:: Requirement ::
Every line below should come back exactly as written, though the pictures stay out.

:: Collected material ::
# # # #
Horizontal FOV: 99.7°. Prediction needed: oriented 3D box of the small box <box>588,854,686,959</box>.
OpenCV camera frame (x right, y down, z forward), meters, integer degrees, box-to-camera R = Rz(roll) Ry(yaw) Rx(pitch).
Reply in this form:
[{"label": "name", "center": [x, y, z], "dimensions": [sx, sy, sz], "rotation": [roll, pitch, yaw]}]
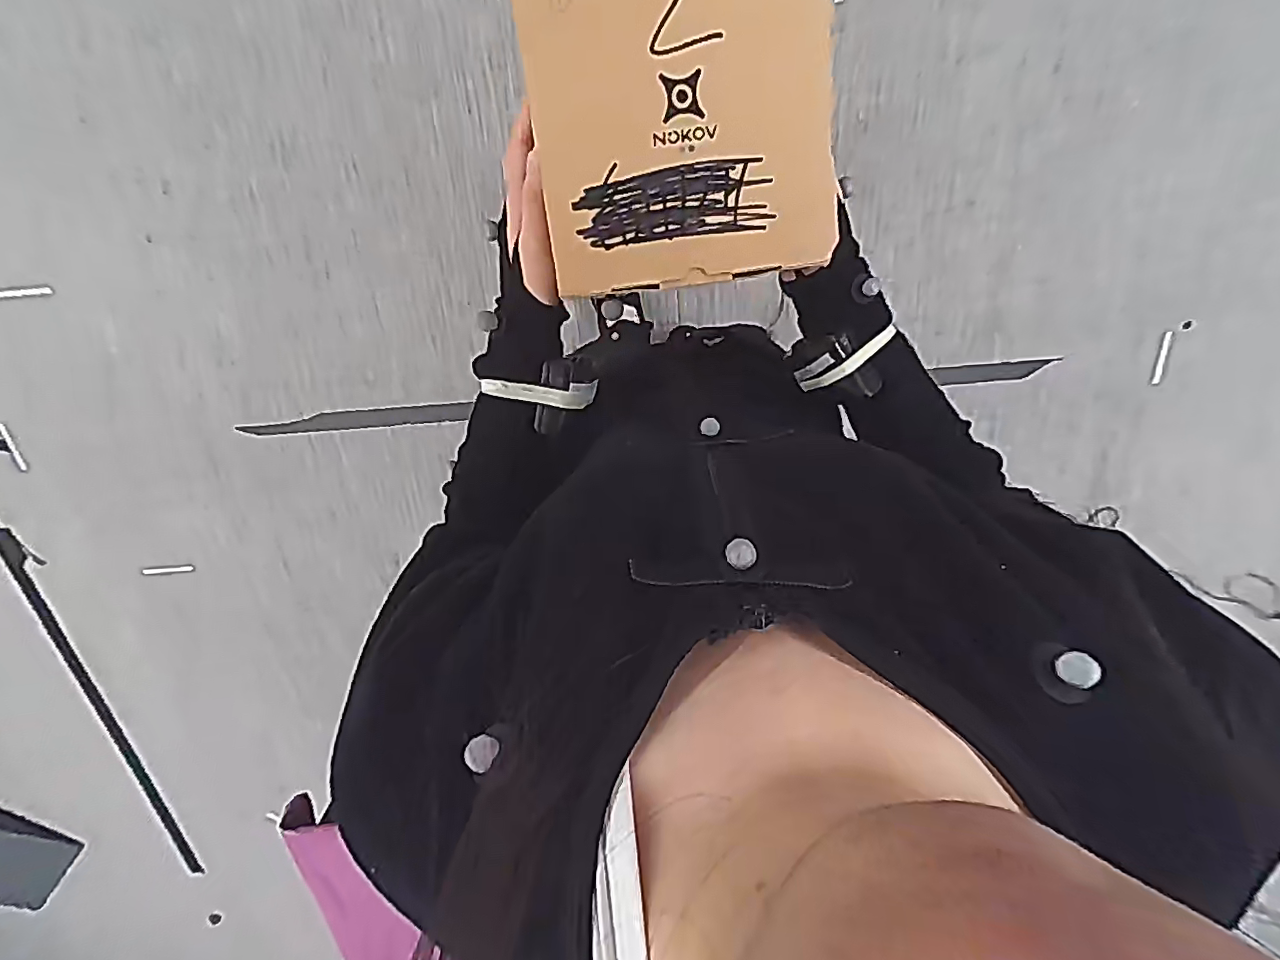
# # # #
:: Response below ::
Horizontal FOV: 99.7°. Prediction needed: oriented 3D box of the small box <box>588,854,686,959</box>.
OpenCV camera frame (x right, y down, z forward), meters, integer degrees, box-to-camera R = Rz(roll) Ry(yaw) Rx(pitch).
Reply in this form:
[{"label": "name", "center": [x, y, z], "dimensions": [sx, sy, sz], "rotation": [roll, pitch, yaw]}]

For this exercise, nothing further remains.